What is expected: Please copy the data below exactly; none of the pictures in it belong in the copy.
Top of Input
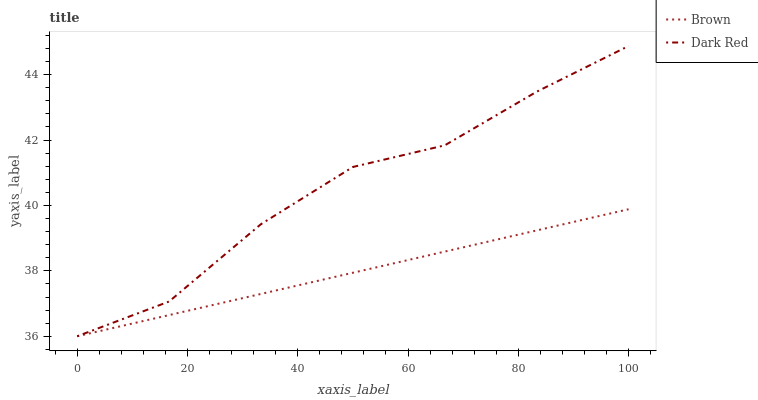Does Brown have the minimum area under the curve?
Answer yes or no. Yes. Does Dark Red have the maximum area under the curve?
Answer yes or no. Yes. Does Dark Red have the minimum area under the curve?
Answer yes or no. No. Is Brown the smoothest?
Answer yes or no. Yes. Is Dark Red the roughest?
Answer yes or no. Yes. Is Dark Red the smoothest?
Answer yes or no. No. Does Brown have the lowest value?
Answer yes or no. Yes. Does Dark Red have the highest value?
Answer yes or no. Yes. Does Dark Red intersect Brown?
Answer yes or no. Yes. Is Dark Red less than Brown?
Answer yes or no. No. Is Dark Red greater than Brown?
Answer yes or no. No.
Bottom of Input
Your response:
Does Brown have the minimum area under the curve?
Answer yes or no. Yes. Does Dark Red have the maximum area under the curve?
Answer yes or no. Yes. Does Dark Red have the minimum area under the curve?
Answer yes or no. No. Is Brown the smoothest?
Answer yes or no. Yes. Is Dark Red the roughest?
Answer yes or no. Yes. Is Dark Red the smoothest?
Answer yes or no. No. Does Brown have the lowest value?
Answer yes or no. Yes. Does Dark Red have the highest value?
Answer yes or no. Yes. Does Dark Red intersect Brown?
Answer yes or no. Yes. Is Dark Red less than Brown?
Answer yes or no. No. Is Dark Red greater than Brown?
Answer yes or no. No.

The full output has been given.